__WORK TO BE COMPLETED__: Your copy should contain exactly the lines from the start of the listing through the line that holds "euler=(-19, 29, 3))", and no pictures.

__RECORDS PROVIDED__:
• • • • •
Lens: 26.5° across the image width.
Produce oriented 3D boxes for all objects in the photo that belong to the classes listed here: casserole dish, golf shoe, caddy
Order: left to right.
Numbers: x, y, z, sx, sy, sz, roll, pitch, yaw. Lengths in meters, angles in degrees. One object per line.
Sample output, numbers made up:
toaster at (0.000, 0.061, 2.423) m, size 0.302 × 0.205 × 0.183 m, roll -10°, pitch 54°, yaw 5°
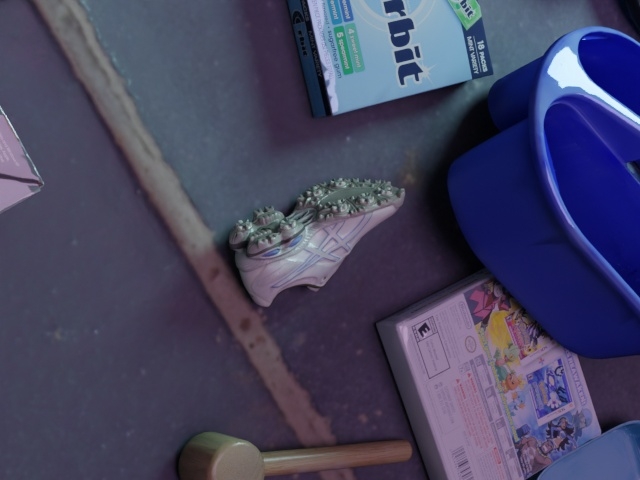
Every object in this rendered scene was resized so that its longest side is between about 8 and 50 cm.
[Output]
golf shoe at (0.000, 0.000, 1.232) m, size 0.176 × 0.069 × 0.086 m, roll -22°, pitch 121°, yaw -24°
casserole dish at (0.279, 0.256, 1.393) m, size 0.188 × 0.037 × 0.114 m, roll -24°, pitch 102°, yaw -27°
caddy at (0.285, -0.038, 1.278) m, size 0.341 × 0.179 × 0.241 m, roll 44°, pitch 53°, yaw -22°

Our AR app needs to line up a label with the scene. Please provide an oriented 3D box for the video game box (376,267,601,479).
video game box at (0.167, 0.135, 1.323) m, size 0.187 × 0.048 × 0.205 m, roll -24°, pitch 102°, yaw -25°

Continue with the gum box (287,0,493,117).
gum box at (0.063, -0.210, 1.262) m, size 0.184 × 0.041 × 0.157 m, roll -17°, pitch 99°, yaw -26°

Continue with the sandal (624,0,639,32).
sandal at (0.485, -0.204, 1.453) m, size 0.446 × 0.107 × 0.167 m, roll 43°, pitch 73°, yaw -23°

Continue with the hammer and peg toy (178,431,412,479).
hammer and peg toy at (0.013, 0.333, 1.197) m, size 0.266 × 0.127 × 0.361 m, roll -13°, pitch 97°, yaw -28°

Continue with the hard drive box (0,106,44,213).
hard drive box at (-0.306, -0.092, 0.956) m, size 0.089 × 0.232 × 0.181 m, roll -33°, pitch 105°, yaw -23°
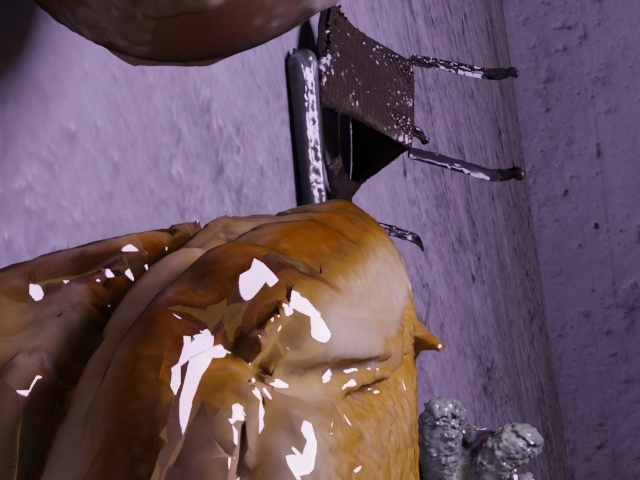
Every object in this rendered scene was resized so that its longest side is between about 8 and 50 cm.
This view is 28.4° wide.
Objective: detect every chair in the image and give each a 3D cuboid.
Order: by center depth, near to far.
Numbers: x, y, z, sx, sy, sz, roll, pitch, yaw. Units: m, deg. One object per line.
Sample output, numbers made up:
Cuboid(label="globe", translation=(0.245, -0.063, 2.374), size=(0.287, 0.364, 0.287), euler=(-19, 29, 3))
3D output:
Cuboid(label="chair", translation=(0.052, -0.102, 1.071), size=(0.213, 0.149, 0.174), euler=(22, 56, -29))

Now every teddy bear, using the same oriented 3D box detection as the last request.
Cuboid(label="teddy bear", translation=(0.143, 0.238, 1.228), size=(0.213, 0.133, 0.111), euler=(85, 27, -63))

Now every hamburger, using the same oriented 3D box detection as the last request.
Cuboid(label="hamburger", translation=(-0.039, 0.135, 0.457), size=(0.304, 0.174, 0.284), euler=(-19, 100, -74))

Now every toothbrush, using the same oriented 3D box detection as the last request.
Cuboid(label="toothbrush", translation=(0.000, 0.000, 0.948), size=(0.030, 0.030, 0.297), euler=(151, -66, -78))

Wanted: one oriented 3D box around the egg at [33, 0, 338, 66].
Cuboid(label="egg", translation=(-0.051, -0.182, 0.502), size=(0.203, 0.203, 0.245), euler=(62, 32, -56))
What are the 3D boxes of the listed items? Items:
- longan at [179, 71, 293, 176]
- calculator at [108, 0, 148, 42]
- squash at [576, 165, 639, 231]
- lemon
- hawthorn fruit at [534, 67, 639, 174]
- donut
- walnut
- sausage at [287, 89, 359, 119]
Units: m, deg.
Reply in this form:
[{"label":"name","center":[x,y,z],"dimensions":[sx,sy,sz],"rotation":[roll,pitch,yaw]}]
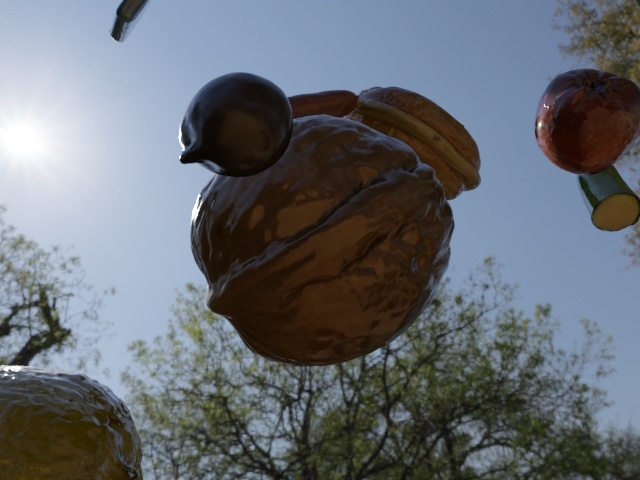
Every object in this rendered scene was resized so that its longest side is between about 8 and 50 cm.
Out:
[{"label":"longan","center":[-0.079,-0.101,0.516],"dimensions":[0.113,0.113,0.092],"rotation":[-17,-61,10]},{"label":"calculator","center":[-0.387,-0.480,1.181],"dimensions":[0.039,0.121,0.210],"rotation":[32,-12,-23]},{"label":"squash","center":[0.584,-0.106,1.181],"dimensions":[0.095,0.188,0.095],"rotation":[3,-53,4]},{"label":"lemon","center":[-0.342,0.266,0.612],"dimensions":[0.322,0.268,0.268],"rotation":[-12,-37,16]},{"label":"hawthorn fruit","center":[0.436,-0.190,0.941],"dimensions":[0.173,0.172,0.172],"rotation":[-6,-38,-4]},{"label":"donut","center":[0.241,-0.263,1.590],"dimensions":[0.449,0.449,0.198],"rotation":[33,-94,-41]},{"label":"walnut","center":[0.000,0.000,0.713],"dimensions":[0.333,0.332,0.332],"rotation":[-6,-38,-4]},{"label":"sausage","center":[-0.096,-0.301,1.375],"dimensions":[0.433,0.087,0.087],"rotation":[-17,-35,-16]}]
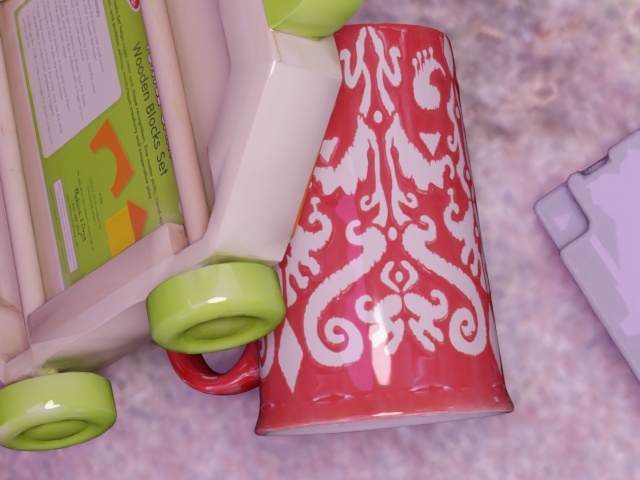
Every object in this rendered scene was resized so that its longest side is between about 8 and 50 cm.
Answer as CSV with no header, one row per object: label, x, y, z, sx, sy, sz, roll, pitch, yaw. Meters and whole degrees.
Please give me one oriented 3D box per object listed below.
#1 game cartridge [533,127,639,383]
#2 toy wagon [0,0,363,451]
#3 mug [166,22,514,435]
game cartridge,0.258,-0.014,0.705,0.297,0.062,0.198,-34,81,17
toy wagon,-0.076,-0.074,0.758,0.344,0.068,0.267,-31,63,39
mug,0.003,-0.002,0.767,0.150,0.113,0.169,-4,82,-4
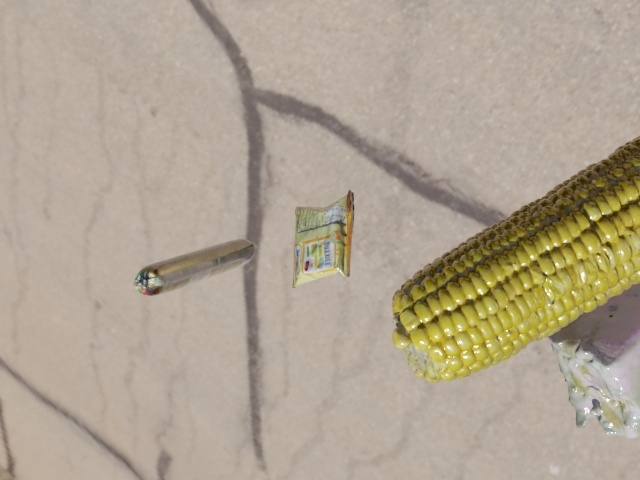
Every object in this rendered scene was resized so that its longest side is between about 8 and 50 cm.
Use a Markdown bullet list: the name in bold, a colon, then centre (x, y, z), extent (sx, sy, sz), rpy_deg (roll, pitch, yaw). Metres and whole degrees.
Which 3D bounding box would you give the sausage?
- **sausage**: centre (-0.124, 0.025, 0.991), extent (0.033, 0.269, 0.033), rpy_deg (2, 97, 18)

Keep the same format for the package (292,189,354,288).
- **package**: centre (0.001, 0.000, 1.181), extent (0.120, 0.031, 0.108), rpy_deg (-14, 68, 50)

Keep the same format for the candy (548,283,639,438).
- **candy**: centre (0.432, 0.157, 1.335), extent (0.137, 0.195, 0.185), rpy_deg (22, 147, 49)

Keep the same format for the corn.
- **corn**: centre (0.146, 0.008, 0.569), extent (0.080, 0.238, 0.080), rpy_deg (56, 171, 14)
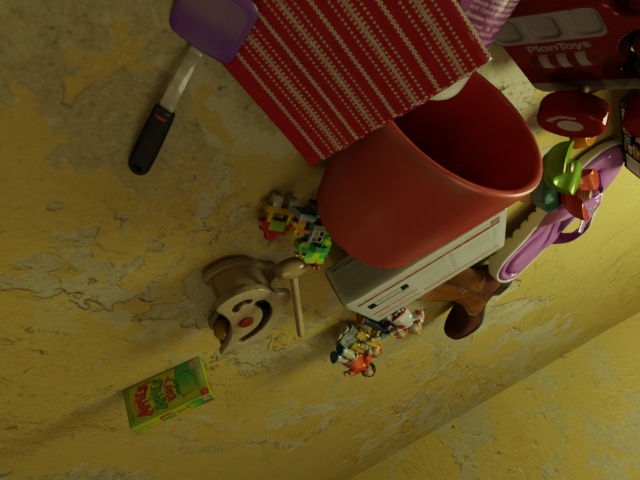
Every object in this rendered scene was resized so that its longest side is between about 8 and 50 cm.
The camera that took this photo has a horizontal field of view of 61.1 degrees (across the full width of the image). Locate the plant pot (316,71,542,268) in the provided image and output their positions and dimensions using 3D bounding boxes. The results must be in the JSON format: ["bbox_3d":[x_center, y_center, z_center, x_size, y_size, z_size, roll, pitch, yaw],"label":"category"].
[{"bbox_3d":[0.130,-0.102,0.790,0.274,0.275,0.243,-2,149,-32],"label":"plant pot"}]

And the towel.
[{"bbox_3d":[0.016,-0.204,0.580,0.274,0.031,0.199,-22,118,44],"label":"towel"}]

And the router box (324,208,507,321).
[{"bbox_3d":[0.204,0.034,1.091,0.335,0.082,0.301,-32,160,7],"label":"router box"}]

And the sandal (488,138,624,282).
[{"bbox_3d":[0.566,-0.041,1.253,0.169,0.102,0.416,9,126,-42],"label":"sandal"}]

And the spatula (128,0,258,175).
[{"bbox_3d":[-0.173,-0.178,0.644,0.084,0.030,0.296,30,127,-16],"label":"spatula"}]

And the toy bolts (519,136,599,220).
[{"bbox_3d":[0.440,-0.155,1.060,0.228,0.158,0.219,44,65,-45],"label":"toy bolts"}]

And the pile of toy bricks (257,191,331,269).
[{"bbox_3d":[0.000,0.000,0.923,0.212,0.118,0.105,9,113,-40],"label":"pile of toy bricks"}]

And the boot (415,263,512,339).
[{"bbox_3d":[0.334,0.159,1.393,0.280,0.096,0.264,7,134,-38],"label":"boot"}]

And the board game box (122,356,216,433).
[{"bbox_3d":[-0.329,0.336,1.181,0.181,0.092,0.043,-24,146,-5],"label":"board game box"}]

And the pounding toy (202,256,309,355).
[{"bbox_3d":[-0.129,0.133,0.991,0.154,0.155,0.270,-5,141,-35],"label":"pounding toy"}]

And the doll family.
[{"bbox_3d":[0.141,0.227,1.353,0.163,0.118,0.263,32,111,-33],"label":"doll family"}]

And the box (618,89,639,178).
[{"bbox_3d":[0.740,-0.291,1.053,0.322,0.079,0.257,-41,142,8],"label":"box"}]

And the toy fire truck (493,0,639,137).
[{"bbox_3d":[0.392,-0.258,0.721,0.253,0.302,0.170,21,85,-44],"label":"toy fire truck"}]

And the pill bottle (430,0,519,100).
[{"bbox_3d":[0.153,-0.318,0.572,0.169,0.169,0.302,-1,138,-33],"label":"pill bottle"}]
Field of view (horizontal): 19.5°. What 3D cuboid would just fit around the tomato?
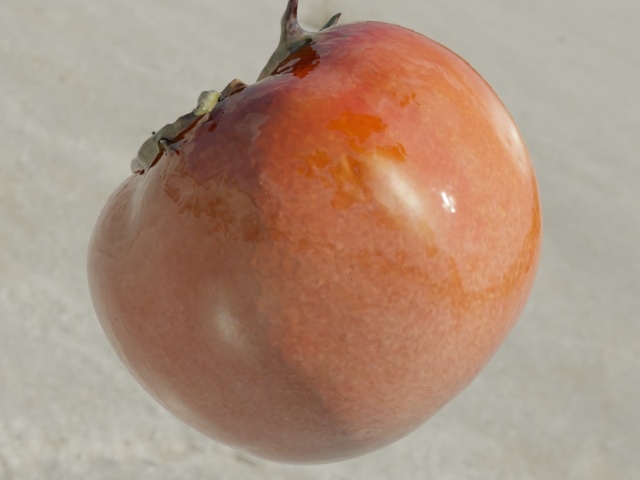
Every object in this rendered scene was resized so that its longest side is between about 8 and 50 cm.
[{"bbox_3d":[0.000,0.000,1.035,0.224,0.256,0.256,49,19,-3],"label":"tomato"}]
• • • • •
__ANSWER TO THIS EXERCISE__:
Lens: 26.5° across the image width.
Produce oriented 3D boxes for all objects in the photo that belong to the classes listed here: casserole dish, golf shoe, caddy
Order: left to right.
Numbers: x, y, z, sx, sy, sz, roll, pitch, yaw. Lengths in meters, angles in degrees. One object per line.
Sample output, numbers made up:
toaster at (0.000, 0.061, 2.423) m, size 0.302 × 0.205 × 0.183 m, roll -10°, pitch 54°, yaw 5°
Every object in this rendered scene was resized so that its longest side is between about 8 and 50 cm.
[Output]
golf shoe at (0.000, 0.000, 1.232) m, size 0.176 × 0.069 × 0.086 m, roll -22°, pitch 121°, yaw -24°
casserole dish at (0.279, 0.256, 1.393) m, size 0.188 × 0.037 × 0.114 m, roll -24°, pitch 102°, yaw -27°
caddy at (0.285, -0.038, 1.278) m, size 0.341 × 0.179 × 0.241 m, roll 44°, pitch 53°, yaw -22°

Our AR app needs to line up a label with the scene. Please provide an oriented 3D box for the video game box (376,267,601,479).
video game box at (0.167, 0.135, 1.323) m, size 0.187 × 0.048 × 0.205 m, roll -24°, pitch 102°, yaw -25°

Continue with the gum box (287,0,493,117).
gum box at (0.063, -0.210, 1.262) m, size 0.184 × 0.041 × 0.157 m, roll -17°, pitch 99°, yaw -26°

Continue with the sandal (624,0,639,32).
sandal at (0.485, -0.204, 1.453) m, size 0.446 × 0.107 × 0.167 m, roll 43°, pitch 73°, yaw -23°

Continue with the hammer and peg toy (178,431,412,479).
hammer and peg toy at (0.013, 0.333, 1.197) m, size 0.266 × 0.127 × 0.361 m, roll -13°, pitch 97°, yaw -28°

Continue with the hard drive box (0,106,44,213).
hard drive box at (-0.306, -0.092, 0.956) m, size 0.089 × 0.232 × 0.181 m, roll -33°, pitch 105°, yaw -23°
Every object in this rendered scene was resized so that its longest side is between about 8 and 50 cm.
This view is 28.4° wide.
Objective: detect every chair in the image and give each a 3D cuboid.
Order: by center depth, near to far.
Numbers: x, y, z, sx, sy, sz, roll, pitch, yaw. Units: m, deg. One object per line.
Sample output, numbers made up:
Cuboid(label="globe", translation=(0.245, -0.063, 2.374), size=(0.287, 0.364, 0.287), euler=(-19, 29, 3))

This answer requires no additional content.